Here’s the Abstract:

*Functional brain network studies using the Blood Oxygen-Level Dependent (BOLD) signal from functional Magnetic Resonance Imaging (fMRI) are becoming increasingly prevalent in research on the neural basis of human cognition. An important problem in functional brain network analysis is to understand directed functional interactions between brain regions during cognitive performance. This problem has important implications for understanding top-down influences from frontal and parietal control regions to visual occipital cortex in visuospatial attention, the goal motivating the present study.
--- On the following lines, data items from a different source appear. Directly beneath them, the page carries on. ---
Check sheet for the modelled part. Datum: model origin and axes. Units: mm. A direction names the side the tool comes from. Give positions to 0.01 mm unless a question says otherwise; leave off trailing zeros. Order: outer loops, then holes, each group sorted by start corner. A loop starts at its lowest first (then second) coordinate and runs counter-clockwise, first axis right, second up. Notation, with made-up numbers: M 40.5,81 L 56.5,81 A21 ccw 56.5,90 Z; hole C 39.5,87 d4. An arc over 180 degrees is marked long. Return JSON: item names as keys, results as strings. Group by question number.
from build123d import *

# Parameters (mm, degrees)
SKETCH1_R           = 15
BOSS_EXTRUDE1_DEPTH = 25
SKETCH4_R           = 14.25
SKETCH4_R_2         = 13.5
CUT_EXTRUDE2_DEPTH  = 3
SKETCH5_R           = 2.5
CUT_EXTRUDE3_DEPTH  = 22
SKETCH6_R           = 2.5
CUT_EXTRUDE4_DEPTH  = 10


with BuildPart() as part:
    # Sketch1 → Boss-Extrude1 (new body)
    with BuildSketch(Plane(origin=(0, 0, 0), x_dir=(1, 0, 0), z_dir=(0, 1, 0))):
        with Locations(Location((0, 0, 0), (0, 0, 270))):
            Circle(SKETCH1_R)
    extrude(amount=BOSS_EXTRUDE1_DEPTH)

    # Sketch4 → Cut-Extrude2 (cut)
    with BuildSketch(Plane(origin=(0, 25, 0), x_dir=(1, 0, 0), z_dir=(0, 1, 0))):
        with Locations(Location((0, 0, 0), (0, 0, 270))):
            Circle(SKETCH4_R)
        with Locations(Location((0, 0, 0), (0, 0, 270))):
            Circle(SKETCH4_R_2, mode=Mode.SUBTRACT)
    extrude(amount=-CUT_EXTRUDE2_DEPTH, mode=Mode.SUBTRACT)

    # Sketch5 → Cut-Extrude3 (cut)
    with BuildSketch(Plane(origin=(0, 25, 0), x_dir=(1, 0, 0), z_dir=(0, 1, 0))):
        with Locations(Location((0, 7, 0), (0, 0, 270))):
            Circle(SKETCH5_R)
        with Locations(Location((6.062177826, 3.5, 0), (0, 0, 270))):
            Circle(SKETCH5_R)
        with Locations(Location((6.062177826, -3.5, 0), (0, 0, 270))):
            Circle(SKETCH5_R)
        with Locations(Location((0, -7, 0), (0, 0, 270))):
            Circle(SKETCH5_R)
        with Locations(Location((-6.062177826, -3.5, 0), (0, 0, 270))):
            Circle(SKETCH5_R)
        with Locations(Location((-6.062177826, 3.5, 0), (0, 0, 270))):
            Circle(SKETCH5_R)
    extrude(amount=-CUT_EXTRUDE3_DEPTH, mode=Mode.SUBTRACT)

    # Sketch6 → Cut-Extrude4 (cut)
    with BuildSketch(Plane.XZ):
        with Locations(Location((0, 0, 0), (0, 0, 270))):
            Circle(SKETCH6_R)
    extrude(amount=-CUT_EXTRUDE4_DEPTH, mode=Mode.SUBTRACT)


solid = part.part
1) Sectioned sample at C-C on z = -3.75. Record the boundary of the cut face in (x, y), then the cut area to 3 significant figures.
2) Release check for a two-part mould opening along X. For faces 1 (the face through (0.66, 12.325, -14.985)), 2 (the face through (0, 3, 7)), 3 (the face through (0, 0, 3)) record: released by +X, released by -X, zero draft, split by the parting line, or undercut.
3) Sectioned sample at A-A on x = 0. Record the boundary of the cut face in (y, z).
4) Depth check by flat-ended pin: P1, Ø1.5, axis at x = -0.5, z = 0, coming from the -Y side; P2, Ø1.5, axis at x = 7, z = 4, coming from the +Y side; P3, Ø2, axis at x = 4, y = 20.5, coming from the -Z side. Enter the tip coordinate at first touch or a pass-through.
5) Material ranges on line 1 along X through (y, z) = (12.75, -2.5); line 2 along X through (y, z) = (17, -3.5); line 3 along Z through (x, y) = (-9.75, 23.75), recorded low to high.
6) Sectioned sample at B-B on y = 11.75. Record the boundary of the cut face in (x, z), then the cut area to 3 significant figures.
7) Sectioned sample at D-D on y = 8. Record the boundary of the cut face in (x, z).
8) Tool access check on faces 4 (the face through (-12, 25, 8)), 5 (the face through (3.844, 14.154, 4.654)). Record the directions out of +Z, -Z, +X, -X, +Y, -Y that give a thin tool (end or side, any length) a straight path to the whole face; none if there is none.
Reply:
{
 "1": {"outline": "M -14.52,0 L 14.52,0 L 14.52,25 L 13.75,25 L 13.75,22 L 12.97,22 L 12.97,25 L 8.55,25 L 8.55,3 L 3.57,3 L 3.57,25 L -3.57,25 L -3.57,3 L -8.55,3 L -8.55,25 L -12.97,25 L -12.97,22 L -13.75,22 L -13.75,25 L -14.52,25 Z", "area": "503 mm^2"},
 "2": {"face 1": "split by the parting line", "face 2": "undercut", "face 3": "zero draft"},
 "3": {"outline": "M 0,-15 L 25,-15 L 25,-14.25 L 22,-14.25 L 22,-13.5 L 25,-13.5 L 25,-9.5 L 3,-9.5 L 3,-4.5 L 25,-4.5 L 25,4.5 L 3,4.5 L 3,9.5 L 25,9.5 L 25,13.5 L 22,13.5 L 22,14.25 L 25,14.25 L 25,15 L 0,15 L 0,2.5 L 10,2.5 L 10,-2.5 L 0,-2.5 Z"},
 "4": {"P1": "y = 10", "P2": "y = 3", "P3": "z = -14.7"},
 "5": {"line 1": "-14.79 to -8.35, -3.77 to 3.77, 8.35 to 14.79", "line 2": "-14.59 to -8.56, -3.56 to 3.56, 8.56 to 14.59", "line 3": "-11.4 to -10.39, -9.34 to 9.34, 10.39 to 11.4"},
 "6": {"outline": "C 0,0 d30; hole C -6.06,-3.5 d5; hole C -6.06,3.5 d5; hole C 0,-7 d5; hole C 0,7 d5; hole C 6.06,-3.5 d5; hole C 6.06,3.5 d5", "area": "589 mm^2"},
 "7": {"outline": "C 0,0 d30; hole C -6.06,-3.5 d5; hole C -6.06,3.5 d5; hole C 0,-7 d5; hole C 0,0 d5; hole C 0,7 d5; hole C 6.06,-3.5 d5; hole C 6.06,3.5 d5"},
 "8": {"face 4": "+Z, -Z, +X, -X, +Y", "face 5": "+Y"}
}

A common approach to measuring directed functional interactions between two brain regions is to first create nodal signals by averaging the BOLD signals of all the voxels in each region, and to then measure directed functional interactions between the nodal signals. Another approach, that avoids averaging, is to measure directed functional interactions between all pairwise combinations of voxels in the two regions. Here we employ an alternative approach that avoids the drawbacks of both averaging and pairwise voxel measures. In this approach, we first use the Least Absolute Shrinkage Selection Operator (LASSO) to pre-select voxels for analysis, then compute a Multivariate Vector AutoRegressive (MVAR) model from the time series of the selected voxels, and finally compute summary Granger Causality (GC) statistics from the model to represent directed interregional interactions. We demonstrate the effectiveness of this approach on both simulated and empirical fMRI data. We also show that averaging regional BOLD activity to create a nodal signal may lead to biased GC estimation of directed interregional interactions. The approach presented here makes it feasible to compute GC between brain regions without the need for averaging. Our results suggest that in the analysis of functional brain networks, careful consideration must be given to the way that network nodes and edges are defined because those definitions may have important implications for the validity of the analysis.*

So Granger causality is still a vital concept, despite its probably diminishing use in econometrics per se.

Let me close with this thought and promise a future post on the Kaggle and machine learning competitions on identifying the direction of causality in pairs of variables without context.